>>>>

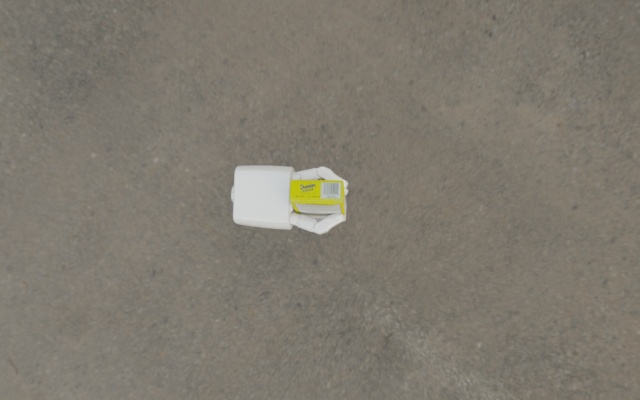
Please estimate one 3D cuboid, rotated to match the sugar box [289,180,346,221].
[{"bbox_3d":[0.000,0.002,0.883,0.093,0.048,0.176,2,-10,4],"label":"sugar box"}]
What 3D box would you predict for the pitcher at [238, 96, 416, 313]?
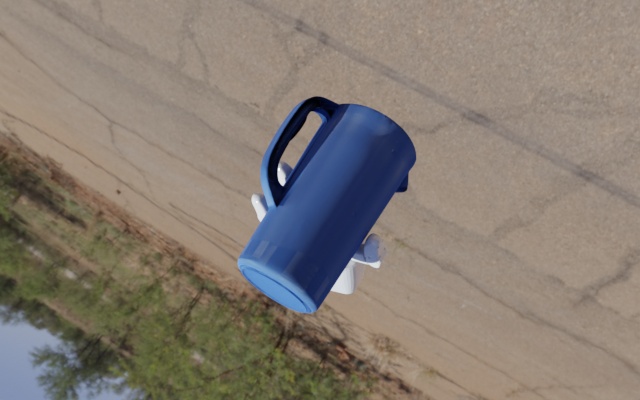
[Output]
[{"bbox_3d":[0.000,0.002,0.581,0.149,0.242,0.145,25,-25,19],"label":"pitcher"}]
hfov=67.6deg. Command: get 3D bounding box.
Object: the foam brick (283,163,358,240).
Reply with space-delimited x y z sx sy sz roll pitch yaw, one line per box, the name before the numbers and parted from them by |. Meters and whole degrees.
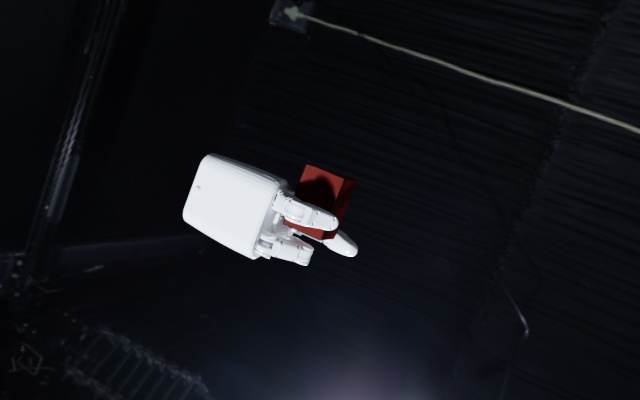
foam brick | 0.000 0.002 0.559 0.051 0.078 0.053 24 6 20
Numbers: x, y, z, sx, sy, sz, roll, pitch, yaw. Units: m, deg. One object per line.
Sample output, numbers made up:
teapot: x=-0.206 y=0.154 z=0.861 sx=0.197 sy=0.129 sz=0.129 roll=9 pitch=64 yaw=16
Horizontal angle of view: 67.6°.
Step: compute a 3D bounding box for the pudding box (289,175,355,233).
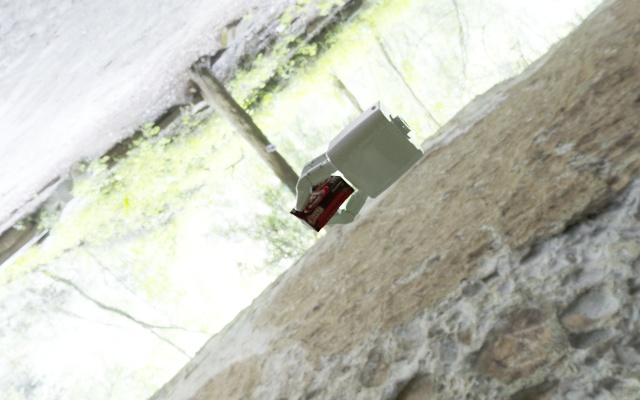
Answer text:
pudding box: x=0.000 y=0.003 z=0.777 sx=0.039 sy=0.090 sz=0.113 roll=43 pitch=-7 yaw=-11
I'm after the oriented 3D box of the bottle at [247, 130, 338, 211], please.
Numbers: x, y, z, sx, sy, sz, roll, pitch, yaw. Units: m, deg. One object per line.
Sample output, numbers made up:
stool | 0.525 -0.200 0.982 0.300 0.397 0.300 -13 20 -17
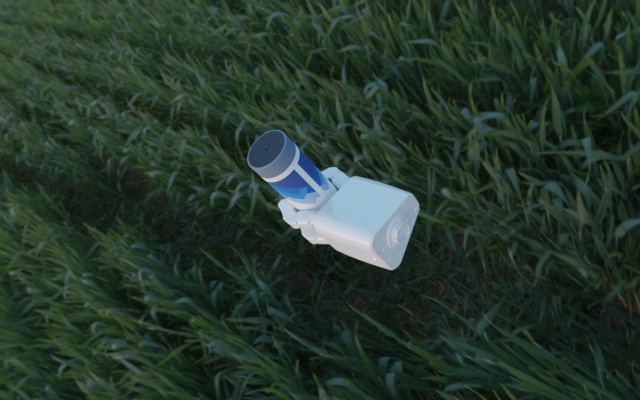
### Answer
bottle | 0.000 0.002 0.762 0.069 0.069 0.296 0 -30 36
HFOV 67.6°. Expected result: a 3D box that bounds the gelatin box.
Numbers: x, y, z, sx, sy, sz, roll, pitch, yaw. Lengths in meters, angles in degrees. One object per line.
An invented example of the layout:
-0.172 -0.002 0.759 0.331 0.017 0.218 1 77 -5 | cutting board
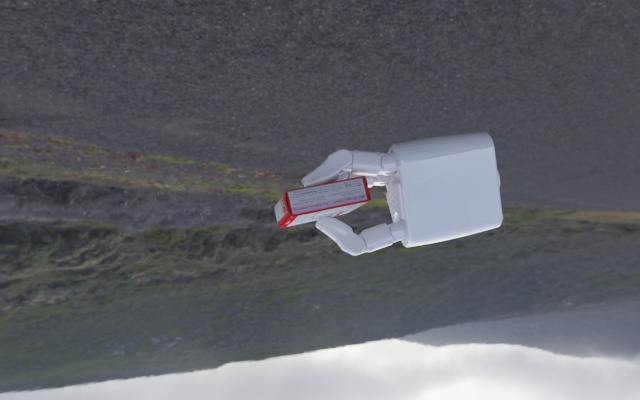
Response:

<<<<

What you are asked to do - What you should repeat exactly is the run of lines from the top of the listing above through the line with "Object: the foam brick (283,163,358,240).", without pictures.

Completed task -
Please estimate one 3D cuboid, rotated to match the sugar box [289,180,346,221].
[{"bbox_3d":[0.000,0.002,0.883,0.093,0.048,0.176,2,-10,4],"label":"sugar box"}]
What 3D box would you predict for the pitcher at [238, 96, 416, 313]?
[Output]
[{"bbox_3d":[0.000,0.002,0.581,0.149,0.242,0.145,25,-25,19],"label":"pitcher"}]
hfov=67.6deg. Command: get 3D bounding box.
Object: the foam brick (283,163,358,240).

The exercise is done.